Soleus muscle MCT4 protein increased slightly (15%) from days 10 to 36 (P = 0.05). By 84 days, MCT4 protein was reduced by 60% from concentrations observed at day 10 (P < 0.05; Fig. 6A). There was then a further decrease until 1 yr of age when MCT4 fell to 10% of that observed on day 10 (P < 0.05). Thus, over the course of almost 1 yr (days 10-365), MCT4 concentrations were reduced by 90% (P < 0.05; Fig. 6A). Although MCT4 protein content was decreasing in soleus muscle, MCT4 mRNA increased. From day 10 until 84 days of age, MCT4 mRNA was increased by 74% (P < 0.05; Fig. 6B). Thereafter, the MCT4 mRNA abundance remained constant until 1 yr of age (Fig. 6B).Heart and soleus muscle GLUT-4.

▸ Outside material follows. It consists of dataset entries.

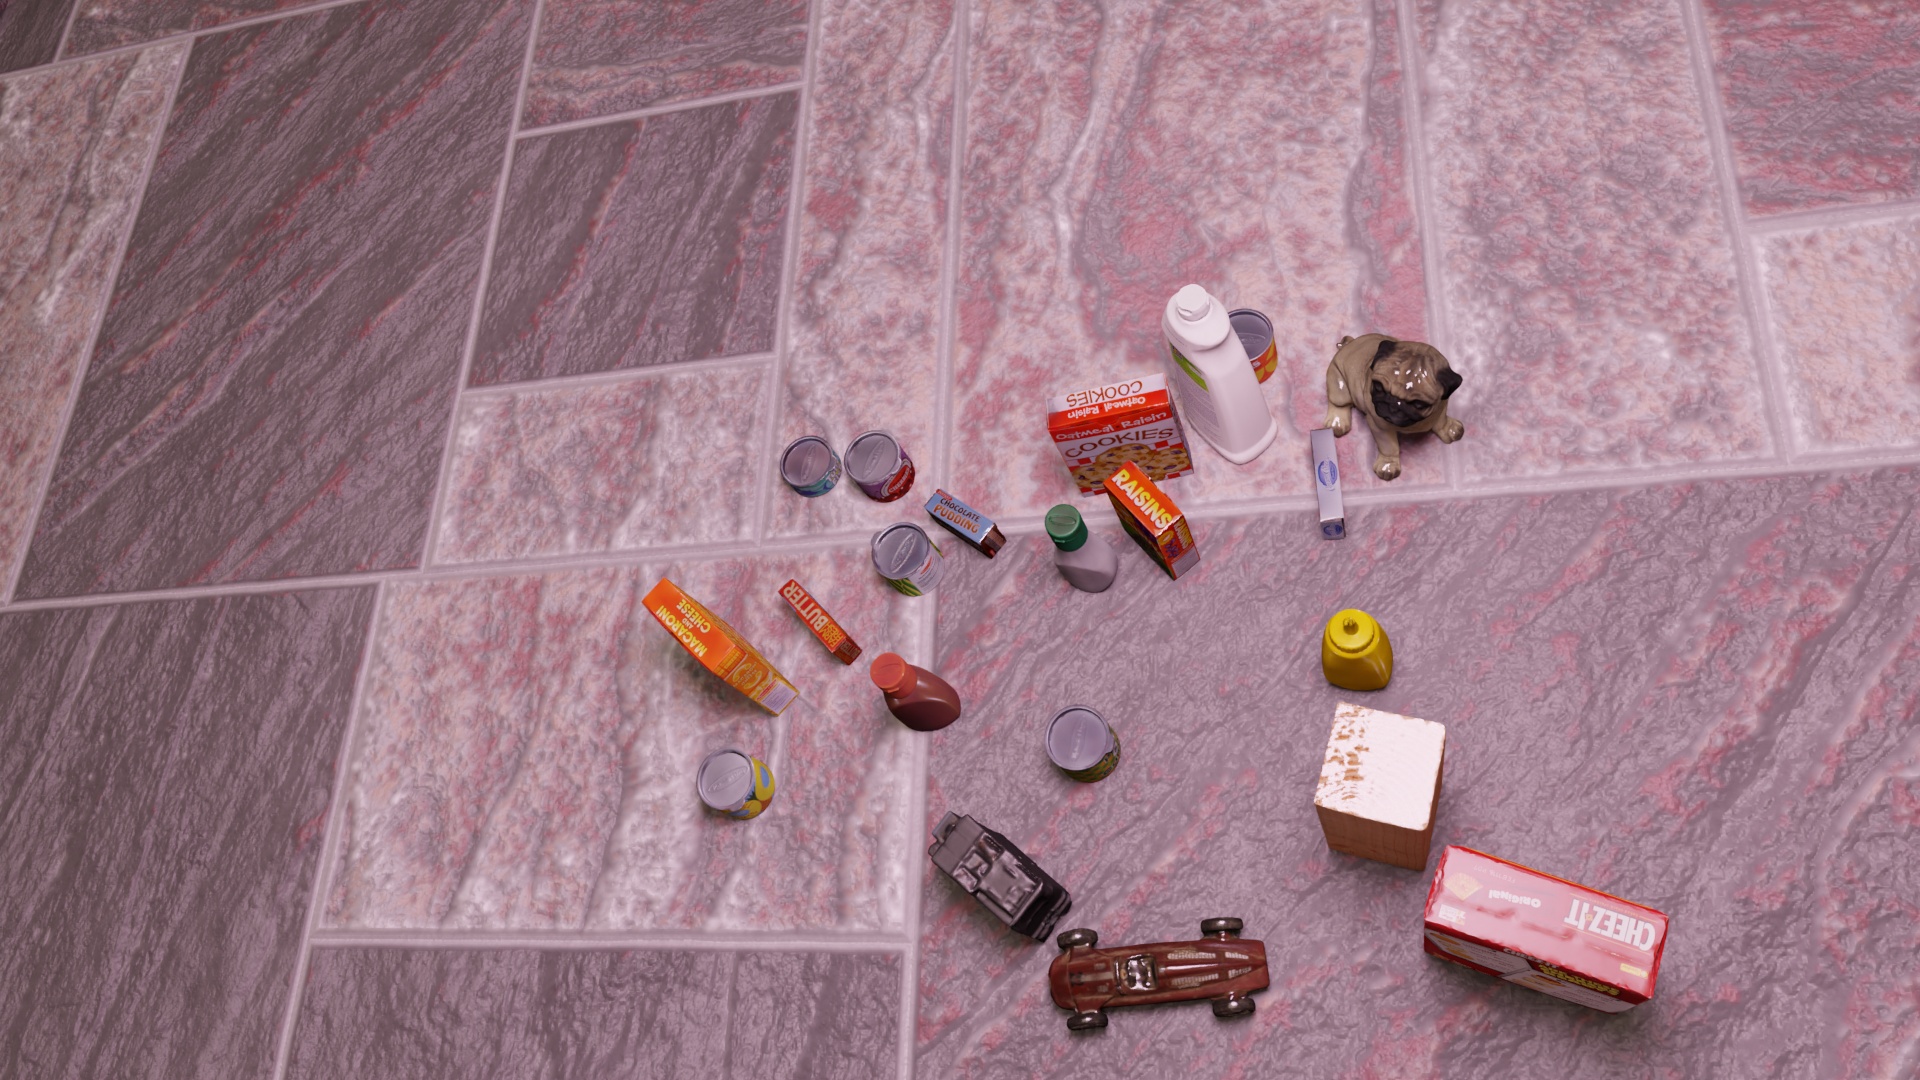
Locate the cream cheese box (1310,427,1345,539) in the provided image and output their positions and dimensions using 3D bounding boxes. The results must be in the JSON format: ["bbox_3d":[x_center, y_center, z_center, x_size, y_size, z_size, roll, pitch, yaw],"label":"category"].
[{"bbox_3d":[0.373,-0.057,1.409,0.024,0.053,0.104,-7,66,15],"label":"cream cheese box"}]

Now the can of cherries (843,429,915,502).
[{"bbox_3d":[-0.089,-0.081,1.567,0.071,0.058,0.072,-7,66,15],"label":"can of cherries"}]

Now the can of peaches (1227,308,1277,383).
[{"bbox_3d":[0.305,-0.204,1.493,0.071,0.058,0.071,-7,66,15],"label":"can of peaches"}]

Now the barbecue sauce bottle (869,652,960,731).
[{"bbox_3d":[-0.049,0.153,1.401,0.065,0.148,0.044,-16,64,11],"label":"barbecue sauce bottle"}]

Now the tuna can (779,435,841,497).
[{"bbox_3d":[-0.171,-0.085,1.610,0.071,0.032,0.071,-7,66,15],"label":"tuna can"}]

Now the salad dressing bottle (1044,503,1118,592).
[{"bbox_3d":[0.120,0.008,1.410,0.064,0.147,0.044,9,71,21],"label":"salad dressing bottle"}]

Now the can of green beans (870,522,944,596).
[{"bbox_3d":[-0.056,0.021,1.512,0.071,0.057,0.071,-7,66,15],"label":"can of green beans"}]

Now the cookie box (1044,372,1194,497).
[{"bbox_3d":[0.166,-0.105,1.433,0.123,0.167,0.040,-12,65,13],"label":"cookie box"}]

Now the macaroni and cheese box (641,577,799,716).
[{"bbox_3d":[-0.253,0.115,1.473,0.124,0.166,0.040,39,84,28],"label":"macaroni and cheese box"}]

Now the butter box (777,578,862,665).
[{"bbox_3d":[-0.153,0.089,1.517,0.024,0.053,0.104,-44,62,-3],"label":"butter box"}]

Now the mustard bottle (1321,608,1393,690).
[{"bbox_3d":[0.365,0.097,1.284,0.065,0.160,0.049,3,69,19],"label":"mustard bottle"}]

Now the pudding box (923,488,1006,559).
[{"bbox_3d":[0.005,-0.019,1.514,0.084,0.049,0.030,33,81,27],"label":"pudding box"}]

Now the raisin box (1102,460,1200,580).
[{"bbox_3d":[0.196,-0.019,1.411,0.040,0.123,0.086,-40,62,-1],"label":"raisin box"}]

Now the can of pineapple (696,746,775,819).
[{"bbox_3d":[-0.237,0.259,1.467,0.071,0.057,0.071,-7,66,15],"label":"can of pineapple"}]

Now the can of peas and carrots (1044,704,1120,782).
[{"bbox_3d":[0.124,0.202,1.374,0.071,0.058,0.071,-7,66,15],"label":"can of peas and carrots"}]

GLUT-4 protein increased rapidly from days 10 to
36 in heart (P < 0.05) and soleus muscle
(P < 0.05; Fig. 7). In
heart, a plateau was attained by day 36, whereas in soleus
this was not observed until day 84. Heart and soleus muscle
GLUT-4 transcripts also increased rapidly from days 10 to 36 (P < 0.05). In soleus muscle, a
plateau was attained by 160 days, but in the heart, GLUT-4 mRNA was
seen to increase from days 36 to 88 (P < 0.05) and from day 88 to 1 yr of age
(P < 0.05; Fig. 7).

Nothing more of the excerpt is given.